• WHAT YOU HAVE TO DO: Copy each record below exactly, please, and leave its pictures out.

• MATERIAL SHOWN:
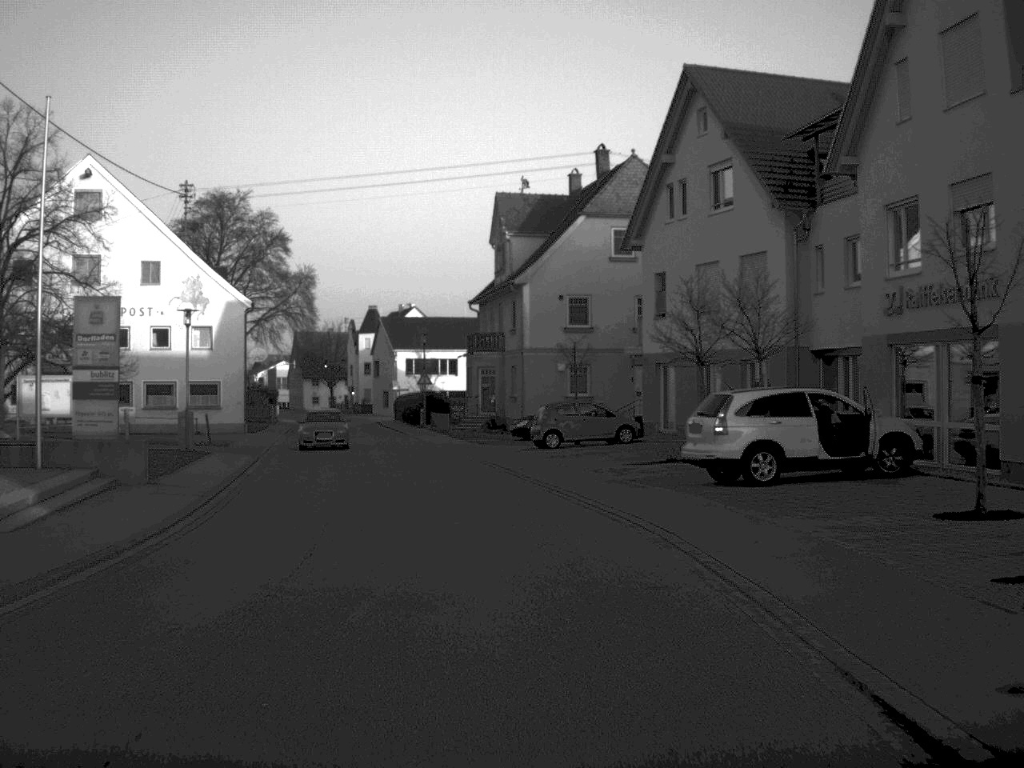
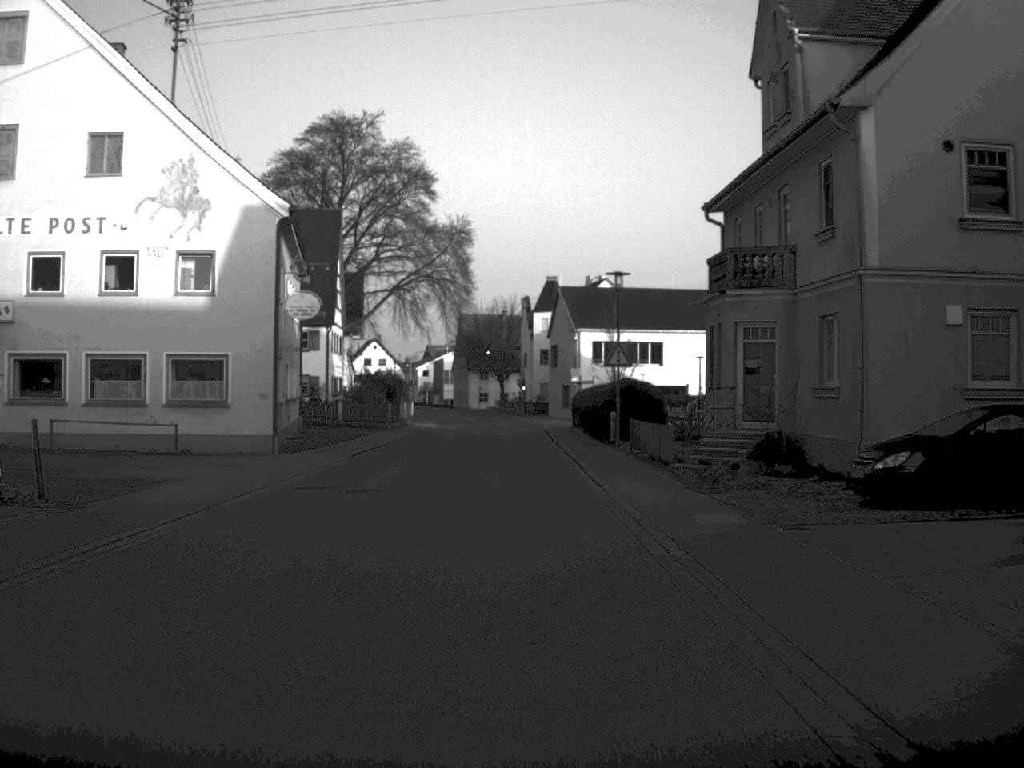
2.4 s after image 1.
(-2.3, +31.5) m; -9°
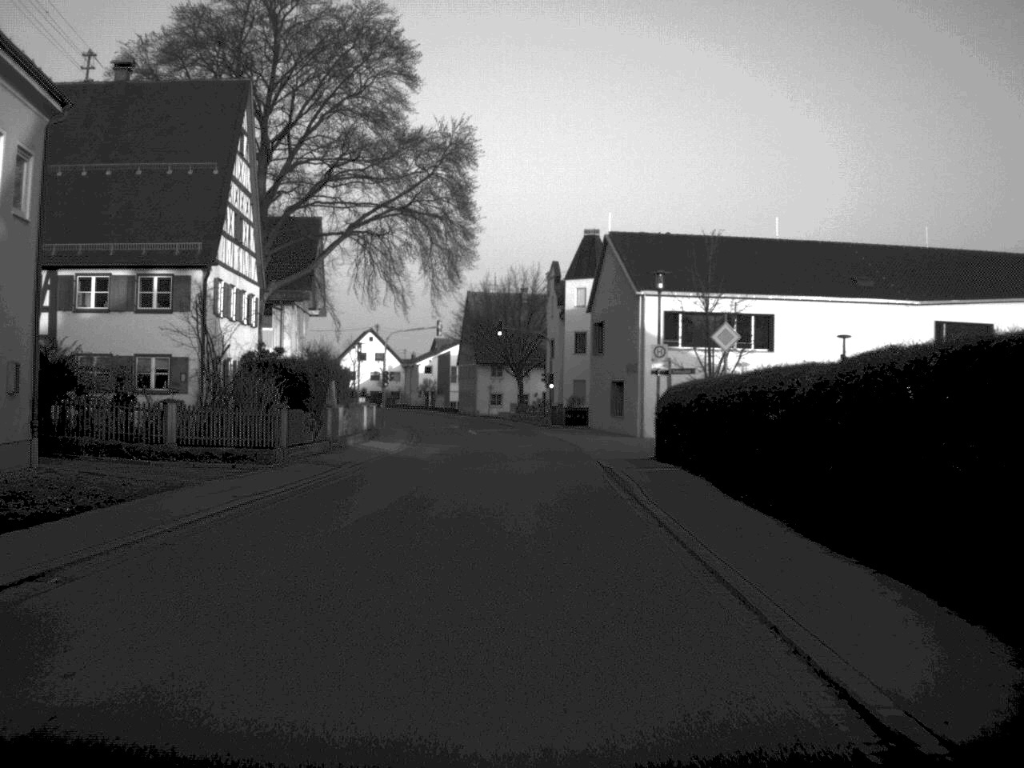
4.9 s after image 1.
(-0.3, +32.6) m; -1°
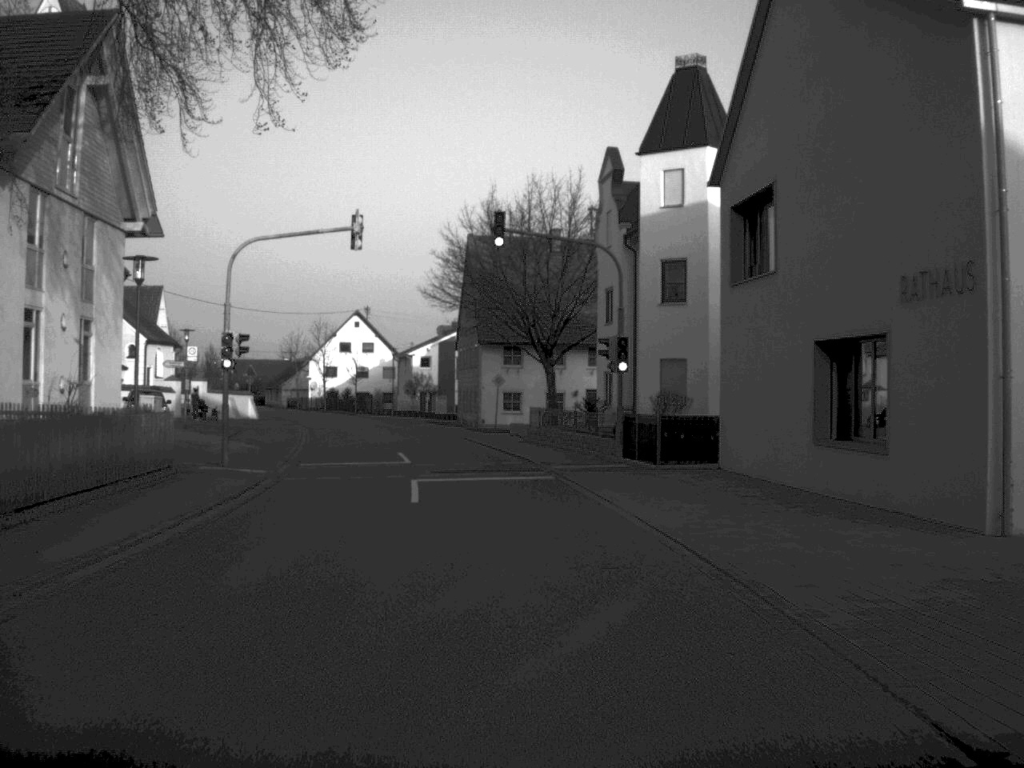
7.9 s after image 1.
(0.0, +40.3) m; -1°
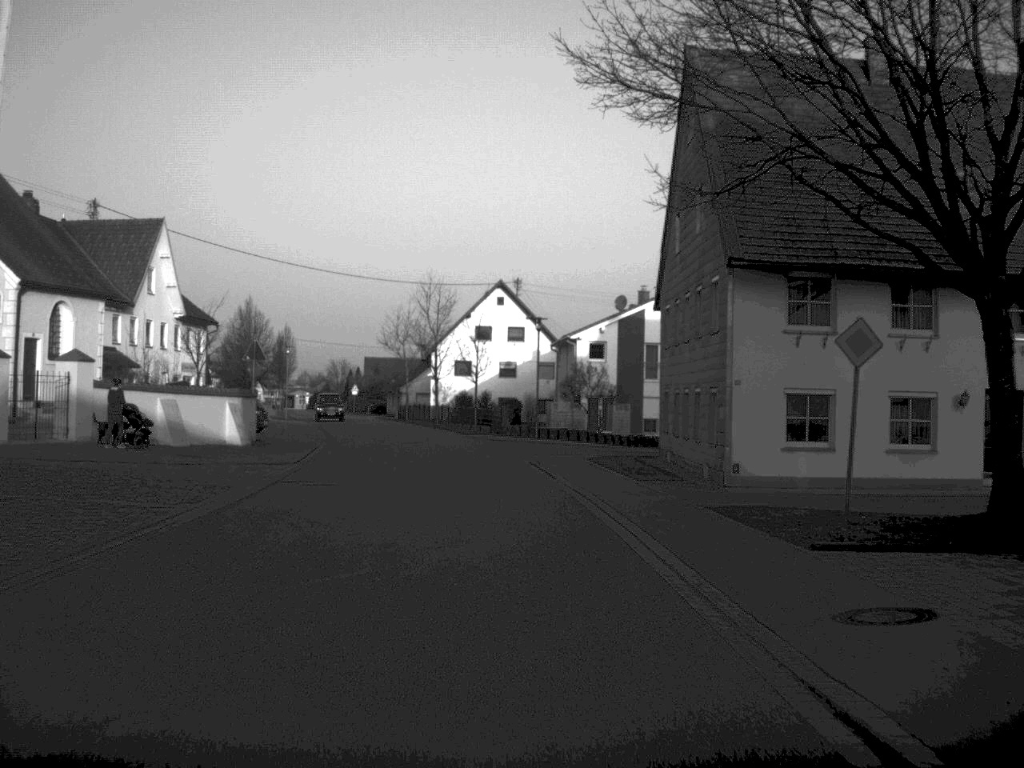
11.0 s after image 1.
(-2.7, +40.6) m; -8°
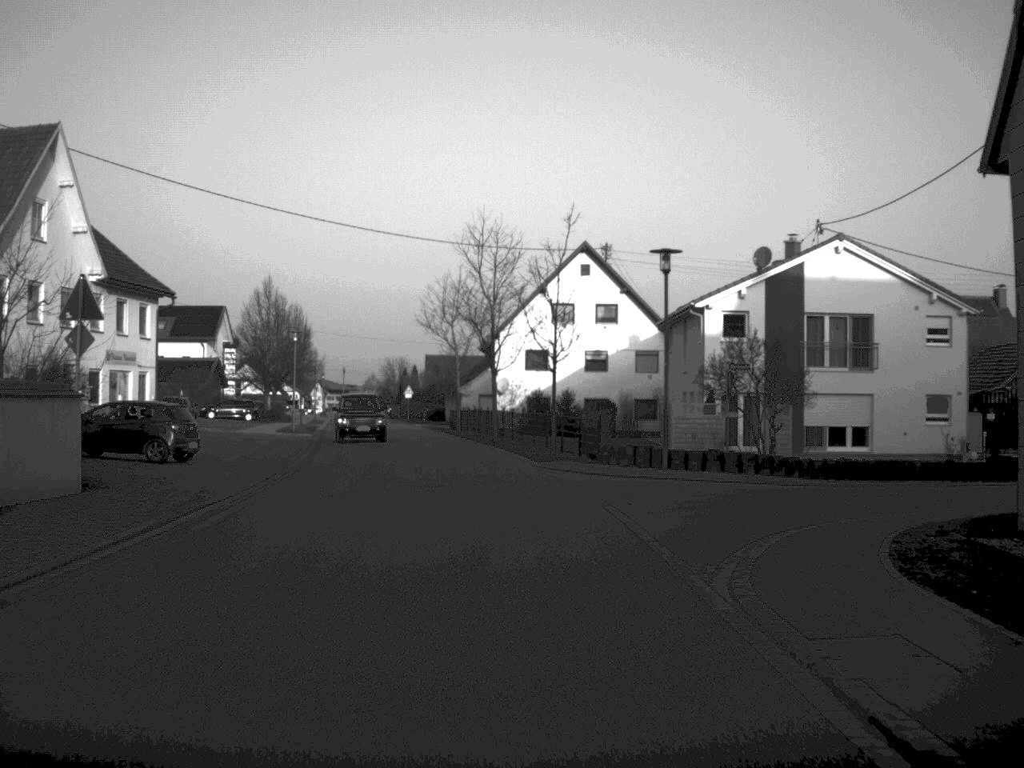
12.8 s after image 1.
(-0.8, +23.6) m; -3°
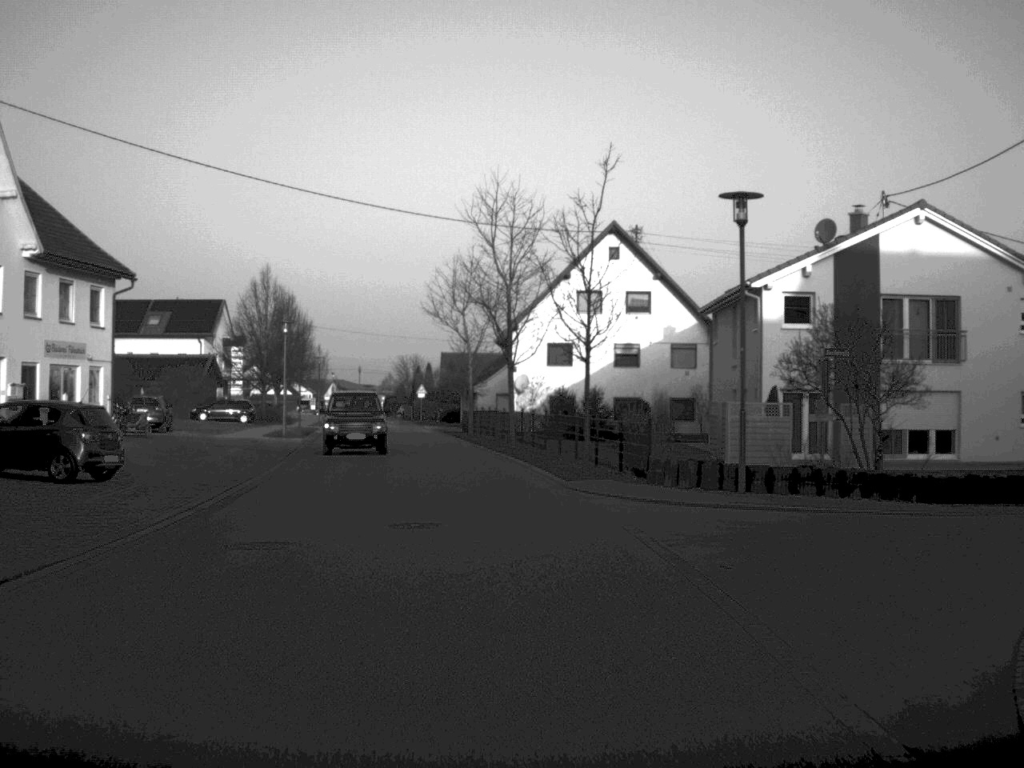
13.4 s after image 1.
(-0.1, +7.8) m; -1°

• RESPONSE TO THIS EXERCISE:
2.4 s after image 1.
(-2.3, +31.5) m; -9°
4.9 s after image 1.
(-0.3, +32.6) m; -1°
7.9 s after image 1.
(0.0, +40.3) m; -1°
11.0 s after image 1.
(-2.7, +40.6) m; -8°
12.8 s after image 1.
(-0.8, +23.6) m; -3°
13.4 s after image 1.
(-0.1, +7.8) m; -1°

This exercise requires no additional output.